▶ The problem
An exact copy of all the data is required, with pictures left out.

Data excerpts
=== Section Start ===
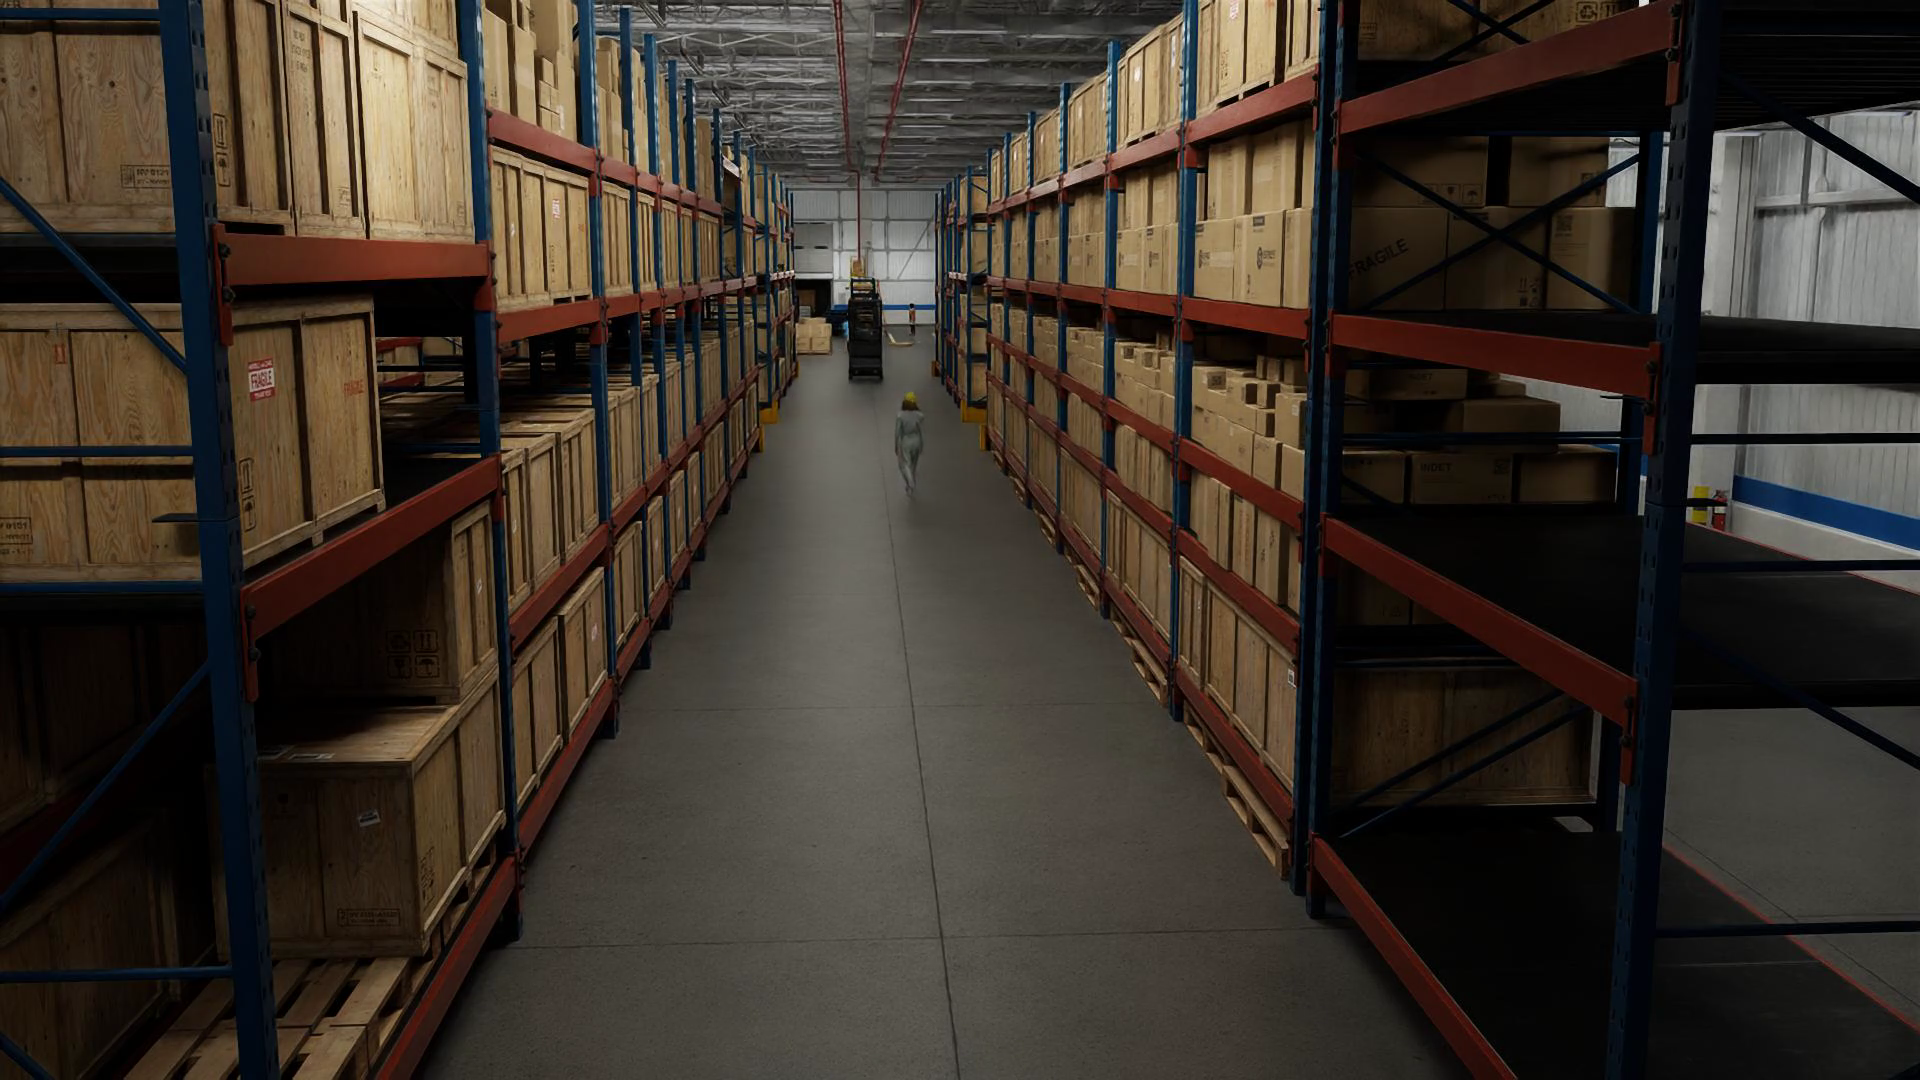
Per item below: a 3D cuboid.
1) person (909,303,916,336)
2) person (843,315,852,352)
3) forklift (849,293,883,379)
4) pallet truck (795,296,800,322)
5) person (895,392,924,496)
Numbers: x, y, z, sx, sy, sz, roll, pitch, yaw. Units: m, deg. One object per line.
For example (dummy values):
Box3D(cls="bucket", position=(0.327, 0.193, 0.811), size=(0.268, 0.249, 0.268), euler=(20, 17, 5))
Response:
Box3D(cls="person", position=(-2.487, -11.502, 86.742), size=(0.319, 1.687, 0.539), euler=(4, 10, 23))
Box3D(cls="person", position=(-4.550, -8.484, 68.751), size=(0.585, 1.660, 0.613), euler=(0, 10, 2))
Box3D(cls="forklift", position=(-3.110, -6.722, 54.620), size=(1.129, 2.768, 1.873), euler=(-1, 10, -3))
Box3D(cls="pallet truck", position=(-8.622, -12.439, 91.403), size=(1.885, 1.965, 0.823), euler=(2, 10, 13))
Box3D(cls="person", position=(-0.809, -1.551, 27.164), size=(0.497, 1.725, 0.487), euler=(-3, 10, -18))
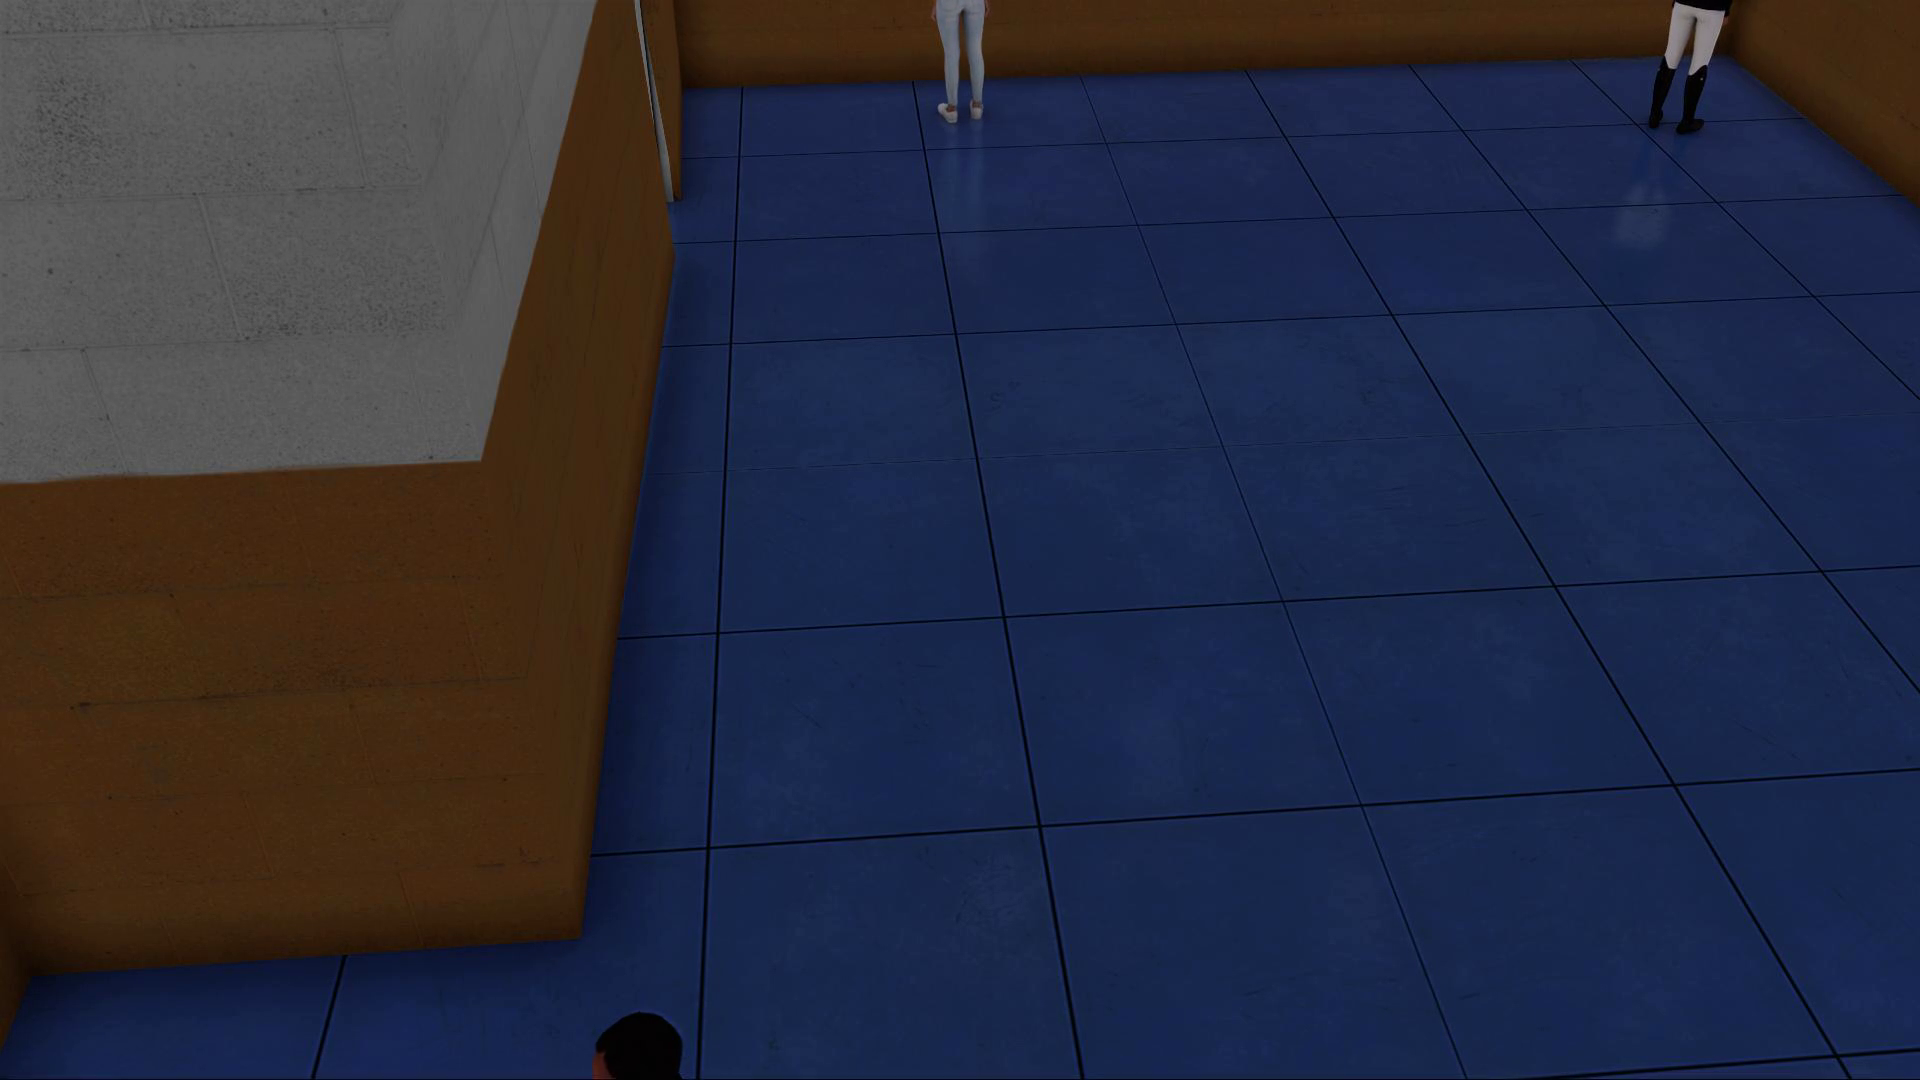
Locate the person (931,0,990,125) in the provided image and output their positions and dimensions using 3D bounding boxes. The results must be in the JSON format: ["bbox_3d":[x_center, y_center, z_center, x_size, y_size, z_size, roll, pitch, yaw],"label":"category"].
[{"bbox_3d":[0.002,-3.889,12.001,0.512,1.749,0.673,-8,38,-11],"label":"person"}]

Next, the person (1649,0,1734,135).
[{"bbox_3d":[5.261,-3.765,11.839,0.669,1.729,0.727,27,45,32],"label":"person"}]

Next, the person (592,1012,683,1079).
[{"bbox_3d":[-0.776,1.838,4.376,0.666,1.743,0.716,29,46,33],"label":"person"}]
=== Section End ===
▶ Task result
Per item below: a 3D cuboid.
1) person (909,303,916,336)
2) person (843,315,852,352)
3) forklift (849,293,883,379)
4) pallet truck (795,296,800,322)
5) person (895,392,924,496)
Numbers: x, y, z, sx, sy, sz, roll, pitch, yaw. Units: m, deg. One object per line.
For example (dummy values):
Box3D(cls="bucket", position=(0.327, 0.193, 0.811), size=(0.268, 0.249, 0.268), euler=(20, 17, 5))
Response:
Box3D(cls="person", position=(-2.487, -11.502, 86.742), size=(0.319, 1.687, 0.539), euler=(4, 10, 23))
Box3D(cls="person", position=(-4.550, -8.484, 68.751), size=(0.585, 1.660, 0.613), euler=(0, 10, 2))
Box3D(cls="forklift", position=(-3.110, -6.722, 54.620), size=(1.129, 2.768, 1.873), euler=(-1, 10, -3))
Box3D(cls="pallet truck", position=(-8.622, -12.439, 91.403), size=(1.885, 1.965, 0.823), euler=(2, 10, 13))
Box3D(cls="person", position=(-0.809, -1.551, 27.164), size=(0.497, 1.725, 0.487), euler=(-3, 10, -18))
Locate the person (931,0,990,125) in the provided image and output their positions and dimensions using 3D bounding boxes. The results must be in the JSON format: ["bbox_3d":[x_center, y_center, z_center, x_size, y_size, z_size, roll, pitch, yaw],"label":"category"].
[{"bbox_3d":[0.002,-3.889,12.001,0.512,1.749,0.673,-8,38,-11],"label":"person"}]

Next, the person (1649,0,1734,135).
[{"bbox_3d":[5.261,-3.765,11.839,0.669,1.729,0.727,27,45,32],"label":"person"}]

Next, the person (592,1012,683,1079).
[{"bbox_3d":[-0.776,1.838,4.376,0.666,1.743,0.716,29,46,33],"label":"person"}]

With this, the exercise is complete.